8.6. Deploying an OVS TC-flower hardware offload overcloud

The last step in deploying your Red Hat OpenStack Platform (RHOSP) overcloud in an OVS TC-flower hardware offload environment is to run the openstack overcloud deploy command. Inputs to the command include all of the various overcloud templates and environment files that you constructed.

Prerequisites

  • Access to the undercloud host and credentials for the stack user.
  • Access to sudo on hosts that contain NICs.
  • You have performed all of the steps listed in the earlier procedures in this section and have assembled all of the various heat templates and environment files to use as inputs for the overcloud deploy command.

Procedure

  1. Log in to the undercloud host as the stack user.

  2. Source the stackrc undercloud credentials file: 

    $ source ~/stackrc

  3. Enter the openstack overcloud deploy command.

    It is important to list the inputs to the openstack overcloud deploy command in a particular order.
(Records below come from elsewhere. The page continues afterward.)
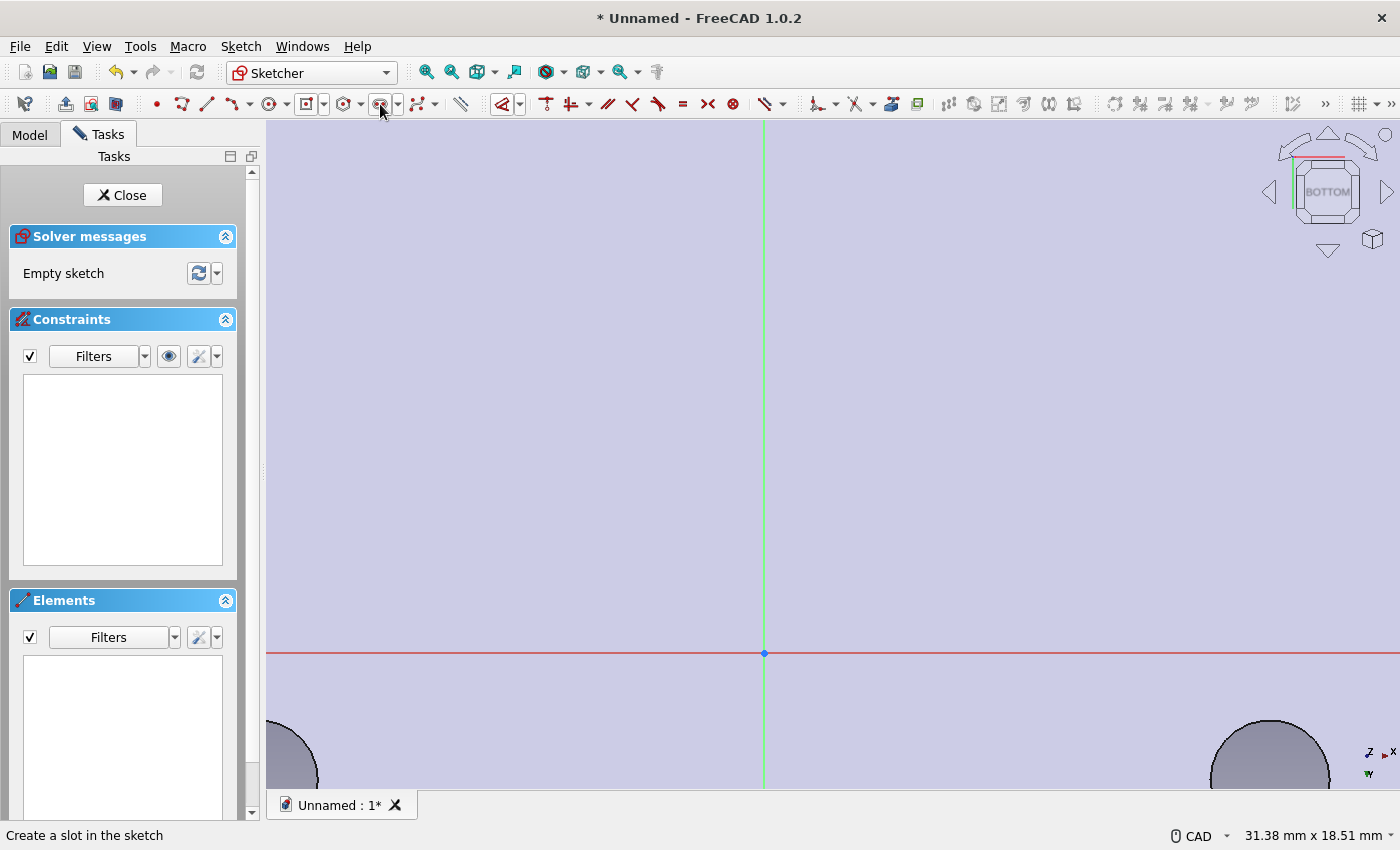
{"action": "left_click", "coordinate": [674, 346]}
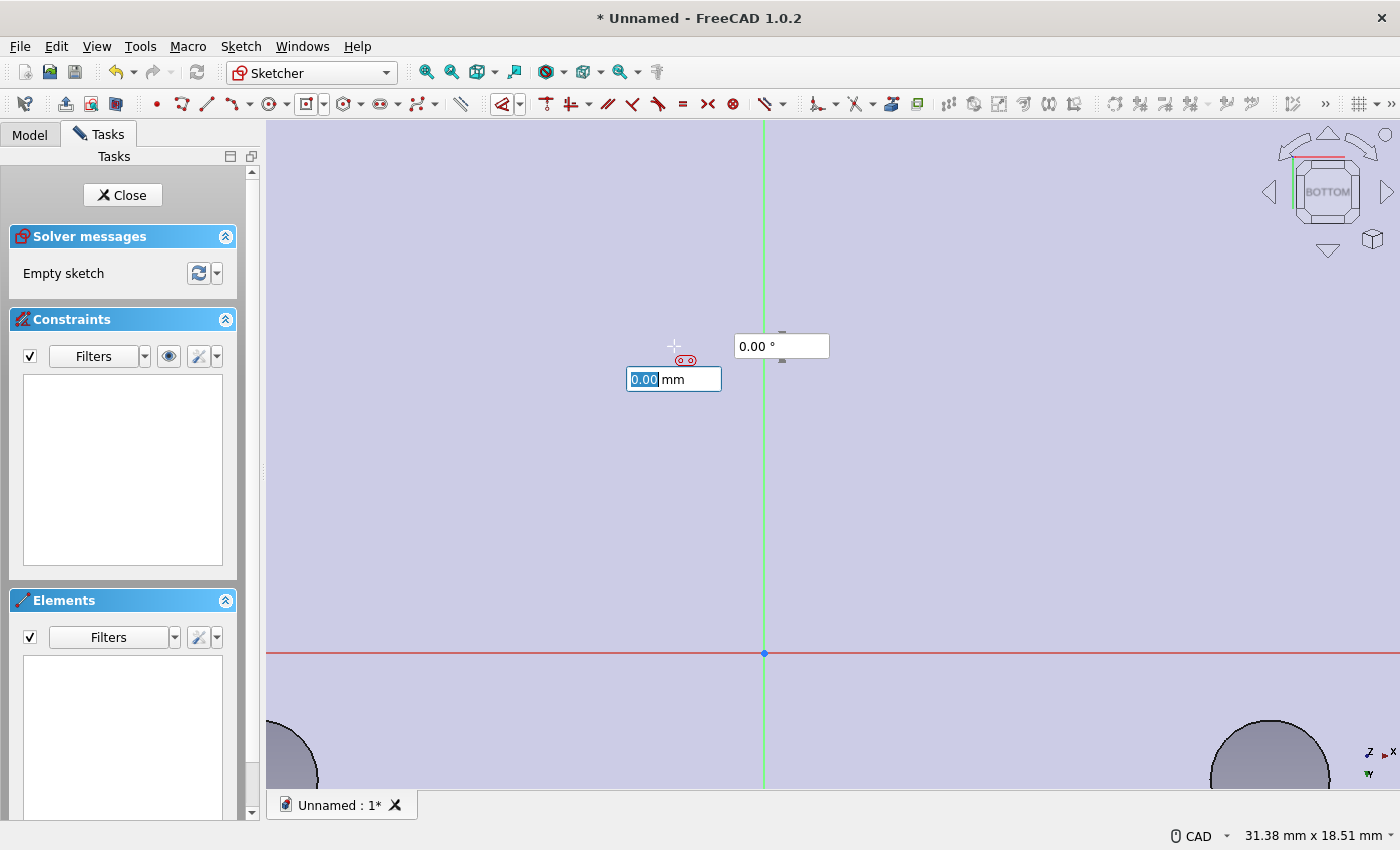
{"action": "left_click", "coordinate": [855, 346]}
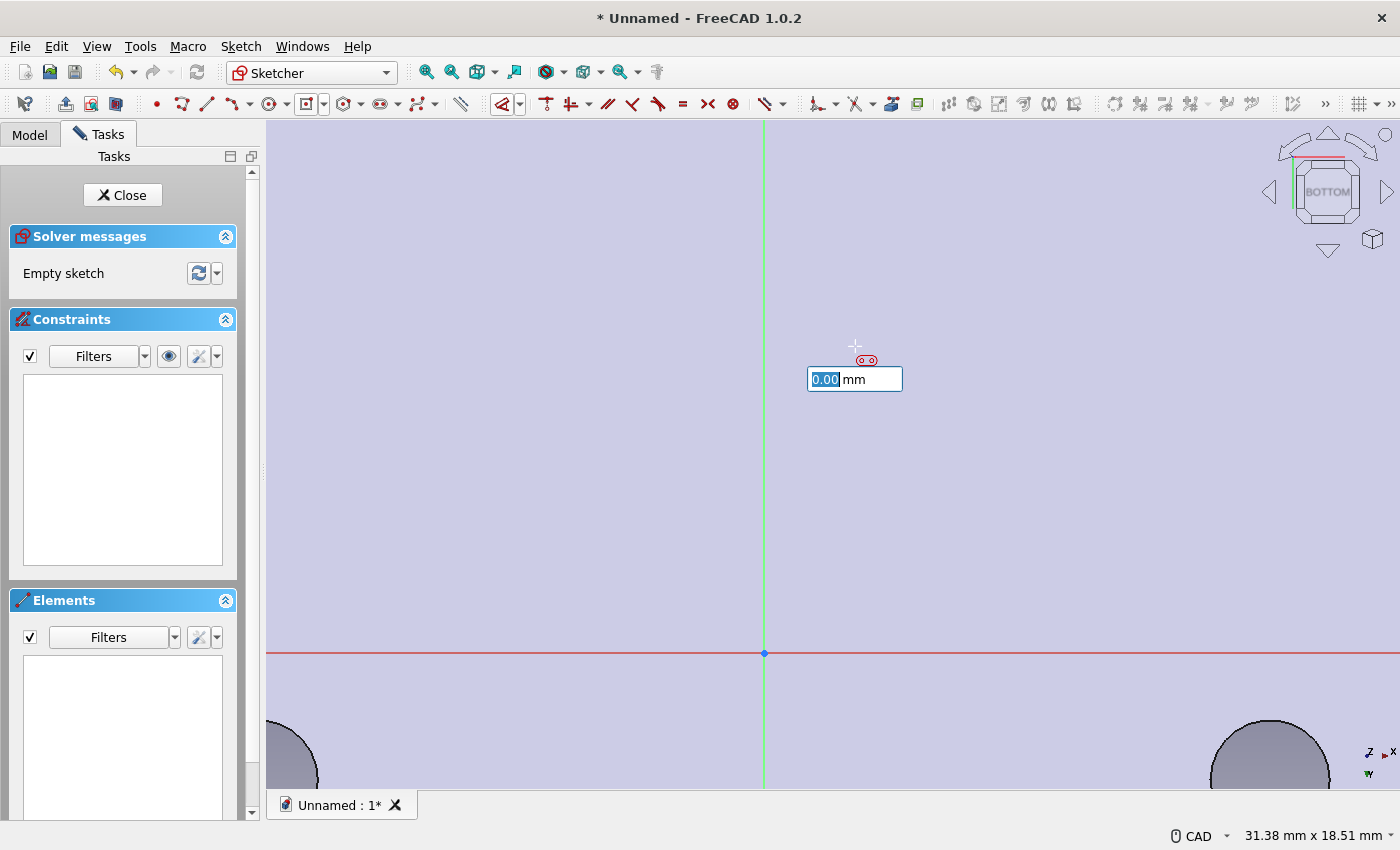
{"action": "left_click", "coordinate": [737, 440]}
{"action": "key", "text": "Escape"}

The general rule is to specify the default heat template files first followed by your custom environment files and custom templates that contain custom configurations, such as overrides to the default properties.

    Add your inputs to the openstack overcloud deploy command in the following order:

    1. A custom network definition file that contains the specifications for your SR-IOV network on the overcloud, for example, network-data.yaml.

      For more information, see Network definition file configuration options in the Installing and managing Red Hat OpenStack Platform with director guide.

    2. A roles file that contains the Controller and ComputeOvsHwOffload roles that RHOSP director uses to deploy your OVS hardware offload environment.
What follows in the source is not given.